Have you seen the Direct Marketing Association's latest statistics on email? For every $1 spent on email, it delivers an average $42.08 back.
Sweet! The only problem is, marketers who are seeing those kinds of results aren't getting them with a "same old, same old" approach to email marketing (i.e., broadcast messages sent to rented lists or old, tired house lists, over and over and over again).
Today, your email subscribers have likely been spammed and even phished via email. Their inboxes are bursting at the seams, and as such, subscribers' standards are now much higher. To increase the ROI of your email marketing, you now have to set new standards.
Email marketing as a discipline
It's time to apply some discipline to your email program, and I don't mean beating up on subscribers who click the report-spam button on email they actually requested, or on the co-worker who sent a test message to the entire list.
Rather, email marketing returns the best rewards when it is pursued as a discipline, with a set of expectations, protocols, best practices, and behaviors.
Discipline in email marketing means striving to do things the right way instead of the expedient way, even if it takes longer to achieve:
- Using double opt-in to build a high-quality, engaged mailing list, even if opt-out marketing to a rented list gives you more names out of the gate
- Building in enough project time to test messages before sending to make sure they render correctly and use images and text that will resonate with your recipients
- Resisting the urge to send "just one more email" in a desperate attempt to make budget
- Taking the time to plan and execute a segmentation program to create and send targeted and more relevant messages, even though the "ready, aim, fire" model of broadcast email is so much easier
How email segmentation imposes discipline
Broadcast email is so popular because it's so easy.
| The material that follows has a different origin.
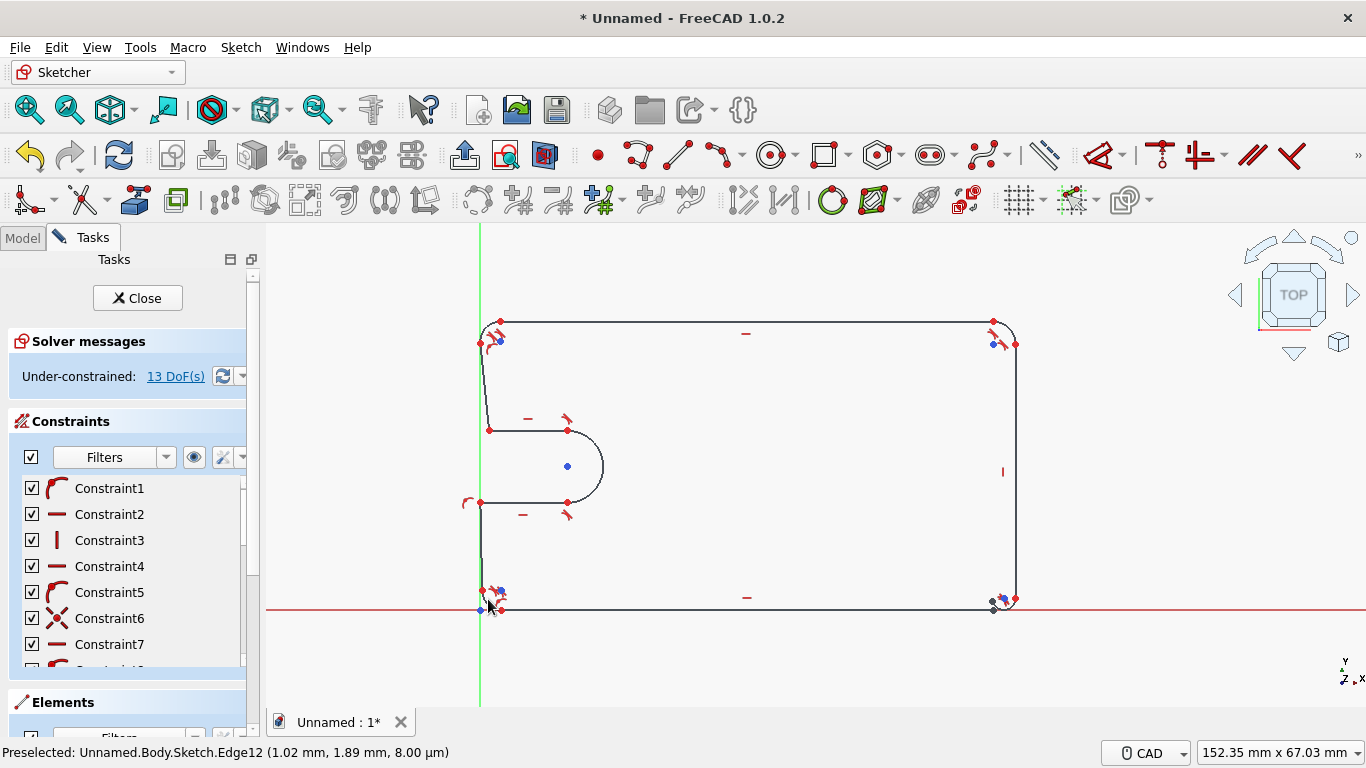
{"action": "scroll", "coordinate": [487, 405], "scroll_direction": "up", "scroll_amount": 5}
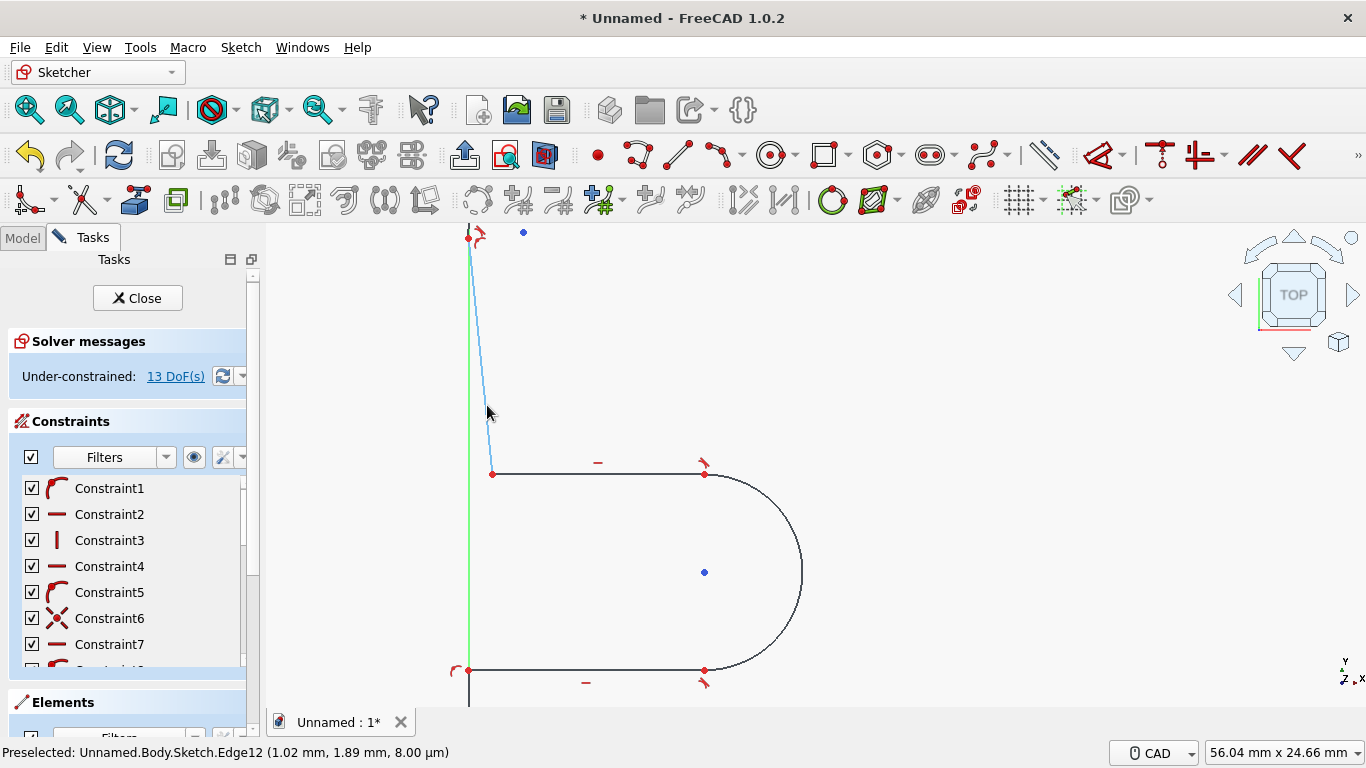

Create the message, load it into your program, and fire it out. On to the next task.
Segmentation, on the other hand, takes discipline through applying what you know about your subscribers or customers and tailoring messages to fit. It can be a tough sell if you have a million other responsibilities besides email or if your program is starved for resources.
Yes, it takes time to strategize and execute the plan. Yes, you might need to upgrade your email list software or sit down with your friendly database manager and ask for help.
What's the reward? A more vital email program, valued by recipients and more likely to return the high ROI that will make you a revenue champion at your company.
Applying discipline in email marketing
Here are three easy ways to get started:
1. Acquisition: Quality over quantity is the key, but try to sell that to your marketing manager or VP, who's more impressed by numbers. Opt-in, permission-based marketing is the disciplined approach that creates a more highly engaged list that is more likely to open and act on your messages and less likely to go inactive.
2. Content: Today's email subscribers want messages that don't waste their time or clutter their inboxes. So, you need to figure out how to send messages that speak to your recipients' needs, wants, interests, and past history with your company.
Adding preference selection to the opt-in process, or warming up a new subscriber relationship adds another step, but it generates the valuable data you need to create the segments for more targeted and more relevant messages.
3. Reactivation: A disciplined approach to email marketing means not just knowing who's acting on your emails but also who isn't. This is a classic beginner's approach to segmentation because you don't need mountains of data to start.
All you have to do is decide how long an address has to sit on your list before you assume the owner has lost interest. If you have a long consideration cycle, a name that doesn't have any opens or clicks associated with it for two years is a good bet to start. If you run a daily newsletter, then three to six months is safe.
Segment out all the qualifying addresses; then, send an email inviting the recipient to come back to your website and either update preferences or unsubscribe. You might need a second and third email to satisfy any concerns that you're targeting valid addresses. After that, move the addresses off your list to a "do not email" holding pen.
Although these approaches might sound rigid, if you're used to making decisions on the fly, approaching email marketing as a discipline can help you achieve a stronger program and avoid the problems that befall seat-of-the-pants decision-making.
Maybe one person in a million can make that pay off. For the rest of us, whether you're an athlete, an entertainer, a soldier, student, President Obama, or Donald Trump, it takes discipline to deliver the best results from your email marketing campaigns.
Wendy Roth is the senior manager of training services for Lyris Technologies.